*TRY IT*:
Search the material for "Step" and show all lines that contain it.

*INPUT*:
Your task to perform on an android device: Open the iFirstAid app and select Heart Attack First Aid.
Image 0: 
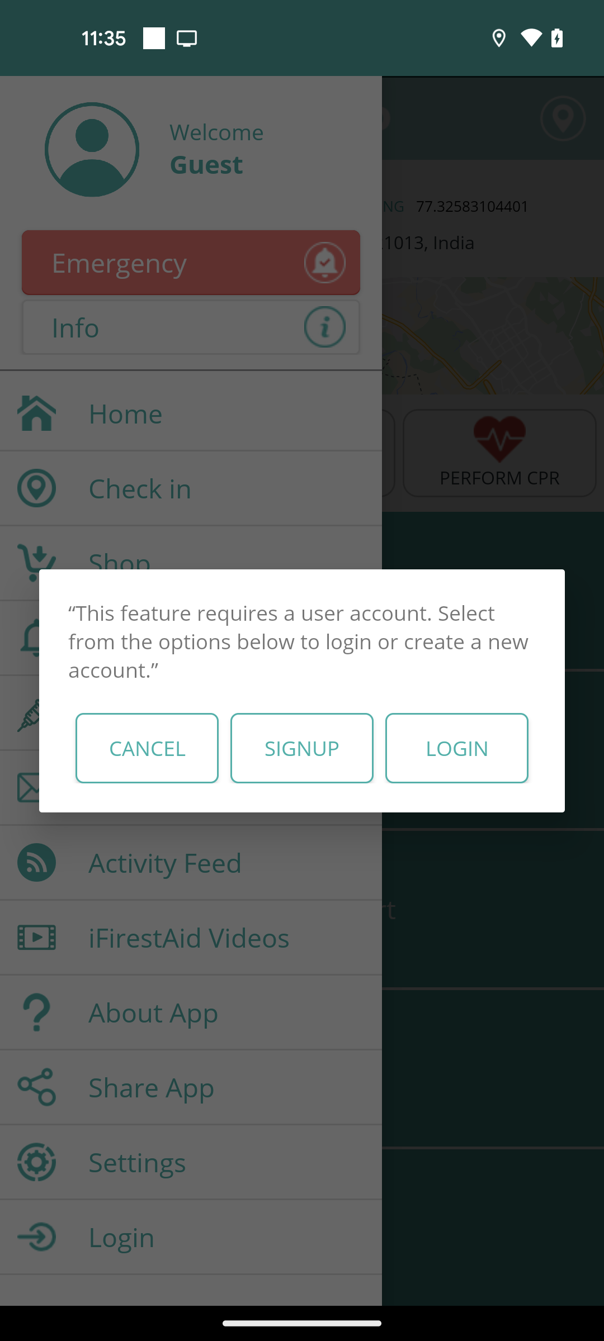
Tap on the cancel button
Step 0: click (147, 748)
Image 1: 
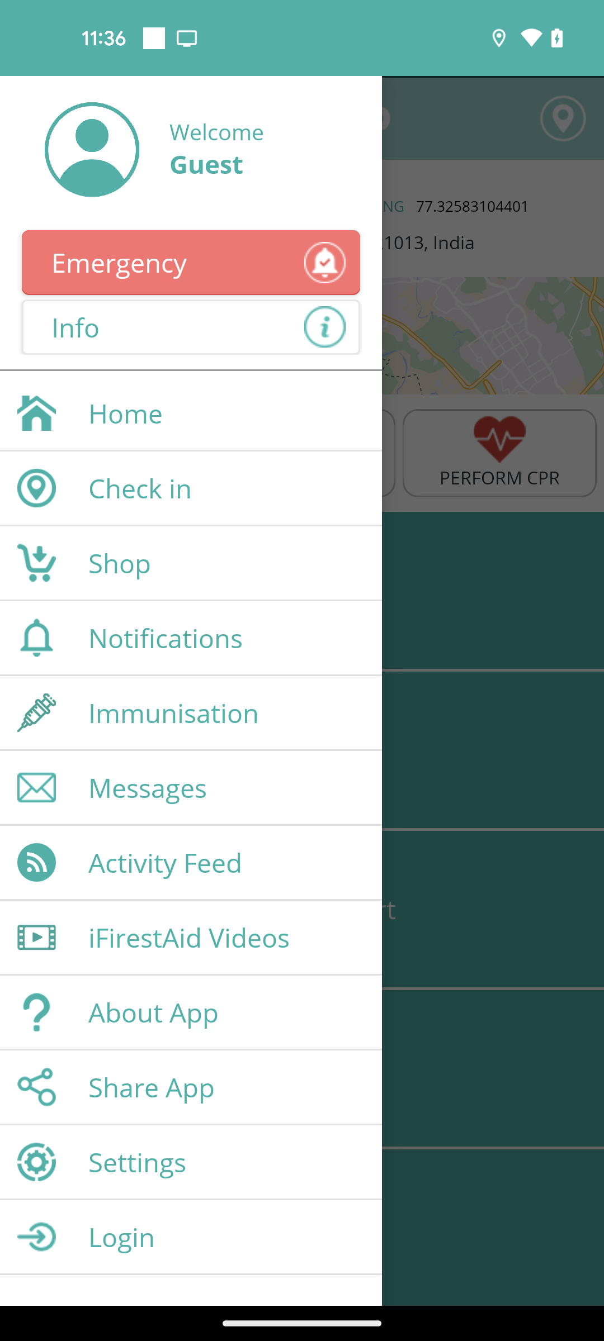
Tap on the home option
Step 1: click (190, 413)
Image 3: 
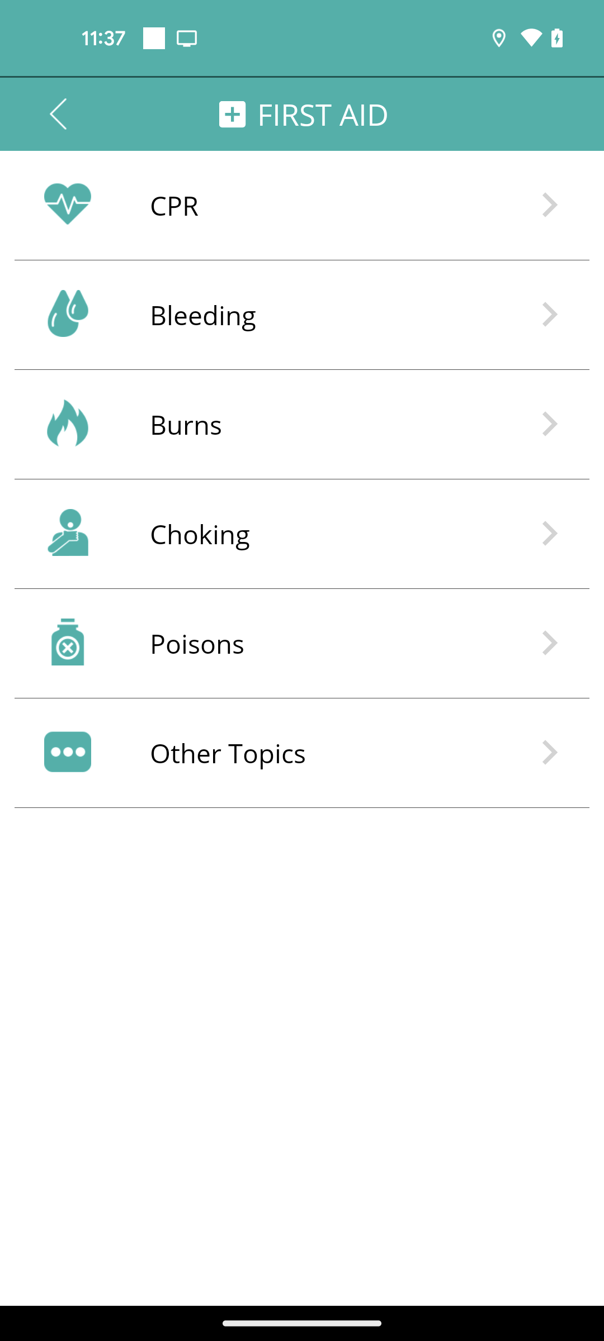
Tap on other topics at the bottom of the screen
Step 3: click (228, 753)
Image 4: 
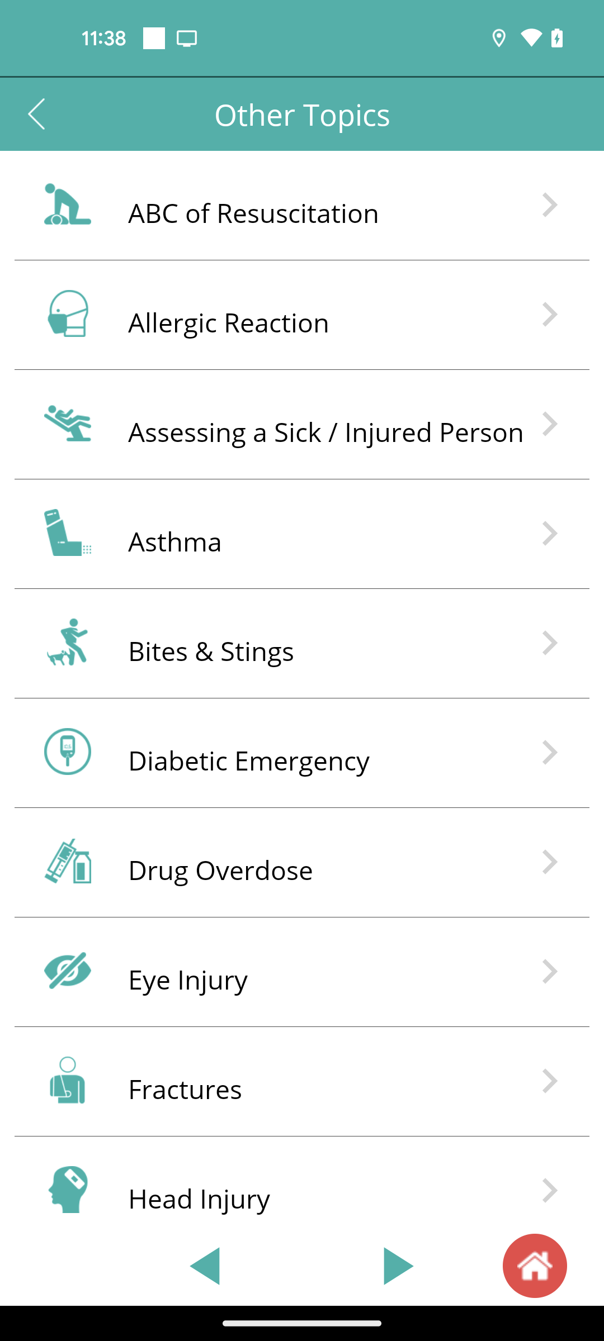
Swipe up to view heart conditions option
Step 4: scroll down
Image 5: 
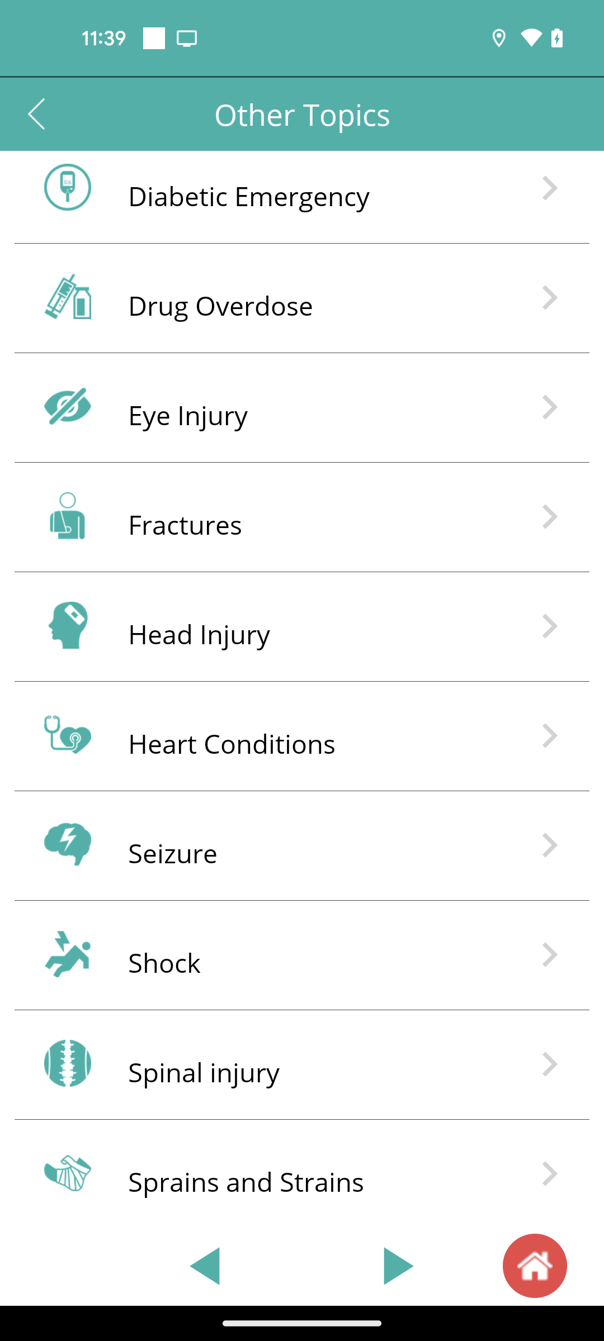
Tap on the heart conditions
Step 5: click (308, 736)

*SOLUTION FOR THIS PROBLEM*:
Step 0: click (147, 748)
Step 1: click (190, 413)
Step 3: click (228, 753)
Step 4: scroll down
Step 5: click (308, 736)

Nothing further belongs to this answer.